Substitute() breaks for lda model

I am running a plain vanilla latent dirichlet allocation model with Numpyro, and I am interested in investigating results once I fix the topic concentration (beta) parameters. I have noticed that 1) if I use substitute() or condition() trying to substitute in a site that does not actually exist in the model, the model runs from scratch and does not throw any error. This can be quite confusing, so I was wondering whether it is intentional; 2) if I substitute in a site that does exist, condition() works while substitute() breaks. As i want to treat beta parameters as data, I thought substitute() would be the most appropriate here, so I wonder what I am doing wrong.

Here the model:

def hmc_simple_model(W, K, alpha, eta):
    D, V = jnp.shape(W)
    N = W.sum(axis = 1)

    with numpyro.plate("topics", K):
        # topic-word distributions
        beta = numpyro.sample("beta", dist.Dirichlet((eta) * jnp.ones([V])))
    with numpyro.plate("docs", D):
        # document-topic distributions
        theta = numpyro.sample("theta", dist.Dirichlet(alpha*jnp.ones([K])))
    ThetaBeta = jnp.matmul(theta, beta)
    distMultinomial = dist.Multinomial(total_count = N, probs = ThetaBeta)
    with numpyro.plate("hist", D):
        numpyro.sample("obs", distMultinomial, obs = W)

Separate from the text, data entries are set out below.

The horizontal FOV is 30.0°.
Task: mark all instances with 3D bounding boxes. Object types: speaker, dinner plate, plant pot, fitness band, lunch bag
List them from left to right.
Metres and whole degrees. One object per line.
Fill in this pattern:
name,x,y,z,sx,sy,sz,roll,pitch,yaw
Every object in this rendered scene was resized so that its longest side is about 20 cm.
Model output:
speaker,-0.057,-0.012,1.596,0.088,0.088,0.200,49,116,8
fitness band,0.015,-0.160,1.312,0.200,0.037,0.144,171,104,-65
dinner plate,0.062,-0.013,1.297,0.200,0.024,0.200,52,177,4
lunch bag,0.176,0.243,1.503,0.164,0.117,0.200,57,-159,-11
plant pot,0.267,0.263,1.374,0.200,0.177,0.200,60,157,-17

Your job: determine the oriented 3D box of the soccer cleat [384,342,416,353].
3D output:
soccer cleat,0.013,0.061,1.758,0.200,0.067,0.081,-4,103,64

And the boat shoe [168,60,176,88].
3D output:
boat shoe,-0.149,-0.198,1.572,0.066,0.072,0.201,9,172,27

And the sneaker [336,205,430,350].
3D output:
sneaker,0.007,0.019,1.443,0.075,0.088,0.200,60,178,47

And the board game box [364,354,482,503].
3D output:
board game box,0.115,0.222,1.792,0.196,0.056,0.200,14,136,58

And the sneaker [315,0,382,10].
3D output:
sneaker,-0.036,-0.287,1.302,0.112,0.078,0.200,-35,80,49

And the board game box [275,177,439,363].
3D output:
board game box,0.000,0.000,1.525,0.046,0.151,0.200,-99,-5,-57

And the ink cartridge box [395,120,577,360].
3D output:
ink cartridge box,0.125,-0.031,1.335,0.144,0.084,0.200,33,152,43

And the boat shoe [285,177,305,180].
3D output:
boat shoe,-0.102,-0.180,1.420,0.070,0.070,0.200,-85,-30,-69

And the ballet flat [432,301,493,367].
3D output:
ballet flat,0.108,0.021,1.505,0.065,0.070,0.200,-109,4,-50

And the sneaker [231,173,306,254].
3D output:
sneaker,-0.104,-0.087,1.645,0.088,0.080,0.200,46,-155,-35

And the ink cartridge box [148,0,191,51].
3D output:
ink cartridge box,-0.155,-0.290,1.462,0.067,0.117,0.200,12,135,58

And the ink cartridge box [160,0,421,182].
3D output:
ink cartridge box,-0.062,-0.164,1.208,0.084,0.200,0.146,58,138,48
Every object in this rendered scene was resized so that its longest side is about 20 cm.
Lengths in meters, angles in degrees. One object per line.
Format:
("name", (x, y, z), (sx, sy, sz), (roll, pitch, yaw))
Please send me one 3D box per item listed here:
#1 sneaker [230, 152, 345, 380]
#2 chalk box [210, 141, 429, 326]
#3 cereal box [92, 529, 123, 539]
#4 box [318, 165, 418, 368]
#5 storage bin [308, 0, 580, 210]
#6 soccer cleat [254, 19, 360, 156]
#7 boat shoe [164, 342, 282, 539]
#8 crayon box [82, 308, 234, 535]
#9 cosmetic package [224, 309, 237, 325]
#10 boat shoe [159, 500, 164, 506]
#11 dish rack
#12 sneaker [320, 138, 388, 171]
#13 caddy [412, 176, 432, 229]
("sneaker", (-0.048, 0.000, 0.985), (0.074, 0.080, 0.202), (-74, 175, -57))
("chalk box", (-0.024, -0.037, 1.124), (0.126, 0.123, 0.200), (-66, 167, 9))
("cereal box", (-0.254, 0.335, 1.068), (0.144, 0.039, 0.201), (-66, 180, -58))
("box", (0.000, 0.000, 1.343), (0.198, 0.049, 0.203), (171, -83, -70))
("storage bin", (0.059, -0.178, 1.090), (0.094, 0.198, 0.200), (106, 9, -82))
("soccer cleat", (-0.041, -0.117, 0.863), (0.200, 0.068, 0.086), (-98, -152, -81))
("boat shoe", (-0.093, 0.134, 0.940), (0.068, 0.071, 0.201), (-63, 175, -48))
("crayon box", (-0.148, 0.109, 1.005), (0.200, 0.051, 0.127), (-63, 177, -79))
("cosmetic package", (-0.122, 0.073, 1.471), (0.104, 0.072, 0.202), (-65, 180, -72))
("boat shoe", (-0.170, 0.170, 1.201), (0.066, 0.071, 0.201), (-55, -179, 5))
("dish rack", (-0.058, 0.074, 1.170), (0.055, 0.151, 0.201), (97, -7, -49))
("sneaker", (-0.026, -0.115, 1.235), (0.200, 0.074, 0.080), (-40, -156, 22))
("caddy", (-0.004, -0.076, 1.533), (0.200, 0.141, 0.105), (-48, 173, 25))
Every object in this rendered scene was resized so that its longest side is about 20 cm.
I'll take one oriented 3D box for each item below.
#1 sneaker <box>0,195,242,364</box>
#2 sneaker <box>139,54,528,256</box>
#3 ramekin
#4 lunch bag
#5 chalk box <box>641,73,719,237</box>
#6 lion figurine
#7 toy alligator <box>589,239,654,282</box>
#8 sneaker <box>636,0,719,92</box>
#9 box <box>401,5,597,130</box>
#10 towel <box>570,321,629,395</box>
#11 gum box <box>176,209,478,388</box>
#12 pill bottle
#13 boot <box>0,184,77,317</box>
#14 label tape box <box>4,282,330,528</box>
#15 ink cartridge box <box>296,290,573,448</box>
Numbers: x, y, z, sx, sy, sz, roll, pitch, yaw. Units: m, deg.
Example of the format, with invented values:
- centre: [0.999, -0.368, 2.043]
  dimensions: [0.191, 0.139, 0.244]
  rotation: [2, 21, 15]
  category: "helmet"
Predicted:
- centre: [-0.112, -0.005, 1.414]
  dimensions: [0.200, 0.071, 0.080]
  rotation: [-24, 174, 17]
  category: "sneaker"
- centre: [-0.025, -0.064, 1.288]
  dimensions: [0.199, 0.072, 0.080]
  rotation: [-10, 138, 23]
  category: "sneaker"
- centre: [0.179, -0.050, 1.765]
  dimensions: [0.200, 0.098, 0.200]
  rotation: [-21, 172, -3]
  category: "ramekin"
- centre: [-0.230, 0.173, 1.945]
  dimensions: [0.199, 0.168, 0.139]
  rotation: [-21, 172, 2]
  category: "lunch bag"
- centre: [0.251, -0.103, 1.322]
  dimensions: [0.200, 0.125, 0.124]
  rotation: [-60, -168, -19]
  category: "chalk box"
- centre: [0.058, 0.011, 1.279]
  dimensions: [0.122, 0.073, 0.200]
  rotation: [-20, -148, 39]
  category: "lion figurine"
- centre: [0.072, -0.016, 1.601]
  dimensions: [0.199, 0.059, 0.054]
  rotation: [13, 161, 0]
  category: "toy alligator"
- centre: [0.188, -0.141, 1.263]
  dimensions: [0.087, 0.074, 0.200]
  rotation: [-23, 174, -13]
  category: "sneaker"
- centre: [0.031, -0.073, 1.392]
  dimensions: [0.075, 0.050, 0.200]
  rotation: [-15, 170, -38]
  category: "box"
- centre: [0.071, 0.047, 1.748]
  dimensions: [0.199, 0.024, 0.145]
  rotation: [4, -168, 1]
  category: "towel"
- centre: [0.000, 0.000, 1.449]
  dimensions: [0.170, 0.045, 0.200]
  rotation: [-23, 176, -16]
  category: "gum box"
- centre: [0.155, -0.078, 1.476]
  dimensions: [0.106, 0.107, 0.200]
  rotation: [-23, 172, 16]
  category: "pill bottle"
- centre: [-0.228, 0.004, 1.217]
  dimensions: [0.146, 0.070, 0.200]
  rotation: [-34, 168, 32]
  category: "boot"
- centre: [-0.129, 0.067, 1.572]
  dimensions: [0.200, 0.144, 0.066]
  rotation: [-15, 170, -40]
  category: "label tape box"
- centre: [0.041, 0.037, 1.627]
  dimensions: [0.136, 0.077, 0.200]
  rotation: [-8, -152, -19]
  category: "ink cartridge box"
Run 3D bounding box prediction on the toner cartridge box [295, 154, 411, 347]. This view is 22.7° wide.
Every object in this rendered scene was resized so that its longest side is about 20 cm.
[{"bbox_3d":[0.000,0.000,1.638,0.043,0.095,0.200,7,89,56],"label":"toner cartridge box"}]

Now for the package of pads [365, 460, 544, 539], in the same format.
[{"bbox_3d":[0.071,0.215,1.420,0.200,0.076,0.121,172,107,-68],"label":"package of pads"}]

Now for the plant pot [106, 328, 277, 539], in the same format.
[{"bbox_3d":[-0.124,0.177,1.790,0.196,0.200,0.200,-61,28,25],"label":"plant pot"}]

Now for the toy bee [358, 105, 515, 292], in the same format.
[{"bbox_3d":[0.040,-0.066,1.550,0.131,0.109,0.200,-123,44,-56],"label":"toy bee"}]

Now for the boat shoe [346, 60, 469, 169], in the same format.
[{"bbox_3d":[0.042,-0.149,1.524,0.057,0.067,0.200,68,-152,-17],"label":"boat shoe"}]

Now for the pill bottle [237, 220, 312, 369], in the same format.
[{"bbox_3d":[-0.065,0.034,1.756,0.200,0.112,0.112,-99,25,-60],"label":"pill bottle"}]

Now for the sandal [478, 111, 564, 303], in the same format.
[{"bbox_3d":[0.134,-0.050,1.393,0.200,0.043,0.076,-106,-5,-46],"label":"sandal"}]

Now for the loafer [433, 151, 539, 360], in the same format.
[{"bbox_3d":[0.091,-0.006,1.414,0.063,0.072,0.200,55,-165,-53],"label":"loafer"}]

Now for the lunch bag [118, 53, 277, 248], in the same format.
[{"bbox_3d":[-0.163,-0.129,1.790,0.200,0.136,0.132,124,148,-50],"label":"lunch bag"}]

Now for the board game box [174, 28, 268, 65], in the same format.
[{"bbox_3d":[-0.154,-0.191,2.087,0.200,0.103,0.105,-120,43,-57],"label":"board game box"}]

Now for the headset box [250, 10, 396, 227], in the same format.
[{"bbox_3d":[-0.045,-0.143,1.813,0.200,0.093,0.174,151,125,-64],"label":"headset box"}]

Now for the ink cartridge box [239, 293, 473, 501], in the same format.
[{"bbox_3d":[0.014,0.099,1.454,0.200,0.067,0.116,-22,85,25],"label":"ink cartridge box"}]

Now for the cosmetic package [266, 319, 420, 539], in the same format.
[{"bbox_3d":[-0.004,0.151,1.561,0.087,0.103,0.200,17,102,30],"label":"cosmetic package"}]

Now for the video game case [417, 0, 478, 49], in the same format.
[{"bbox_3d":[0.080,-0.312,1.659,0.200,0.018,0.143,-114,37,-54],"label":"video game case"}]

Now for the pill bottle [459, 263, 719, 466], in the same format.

Minimal code for data simulation:

D = 200 # n. documents
V = 3000 # n. terms in the vocabulary
eta = 0.2 # hyperparameter for topic concentrations
alpha = 1 # hyperparameter for document distributions
K = 10 # number of topics

# topic-term distributions
beta = dist.Dirichlet(eta * jnp.ones([V])).expand([K]).sample(Key(8))

# document-topic distributions
theta = dist.Dirichlet(alpha * jnp.ones([K])).expand([D]).sample(Key(89))

thetabeta = jnp.matmul(theta,beta)
N = jnp.floor(dist.Uniform(100,200).expand([D]).sample(Key(2)))

# doc-term matrix 
W = dist.Multinomial(total_count = N, probs = thetabeta).sample(Key(20))

Minimal code for running the model:

n_warmup = 500
n_samples = 500

# substitute (or condition) with non-existent site: this runs
hmc_model_sub = condition(hmc_simple_model, {"not_a_site" : 5})
nuts_kernel_sub = NUTS(hmc_model_sub)
mcmc_sub = MCMC(nuts_kernel_sub, num_warmup=n_warmup, 
                num_samples=n_samples) = Key(75), W = W, eta=eta, K=K, alpha=alpha)

# substitute with existent site: this does not run (while condition runs)
hmc_model_sub = substitute(hmc_simple_model, {"beta" : beta})
nuts_kernel_sub = NUTS(hmc_model_sub)
mcmc_sub = MCMC(nuts_kernel_sub, num_warmup=n_warmup, 
                num_samples=n_samples) = Key(75), W = W, eta=eta, K=K, alpha=alpha)

And below the error I get when trying substitute() with an existent site:

Screenshot 2021-06-02 at 21.09.31

1 Like

It is a bit tricky to explain why the error happens. For your usage case, I believe that condition is what you want (substitute plays no role in defining a model but it can be used for intervention - like what you did). I’ll add a fix to bypass the error (by telling init strategies skip those substituted sites - please help me open a github issue for this :smiley: because it would be nice to have a better error message) but I think that it is not what you want.

I guess you can also use block to block the beta site (this solution is faster than the condition solution)

hmc_model_sub = block(
    substitute(hmc_simple_model, {"beta" : beta}), hide=["beta"])
1 Like

The difference between condition and substitute is a little unclear in the documentation. And Pyro does not have a substitute poutine, I think, so it may be worth clarifying further.

Would it be also possible to write

hmc_model_sub = block(
    condition(hmc_simple_model, {"beta" : beta}), hide=["beta"])

and if so, should the performance be similar?

1 Like

Yes, the performance should be similar, and using block(condition(...)) is better. substitute is mainly used by internal algorithms and we won’t recommend using it for modeling. Under the hood, condition makes sure that the conditioned sample site is observed, as mentioned in docs.


Just to clarify, the github issue would be about allowing substitute to work directly without the need for block, or about throwing a better error when it does not work directly?

I think the issue is to raise a better error/warning message when an init strategy is used with a substituted model.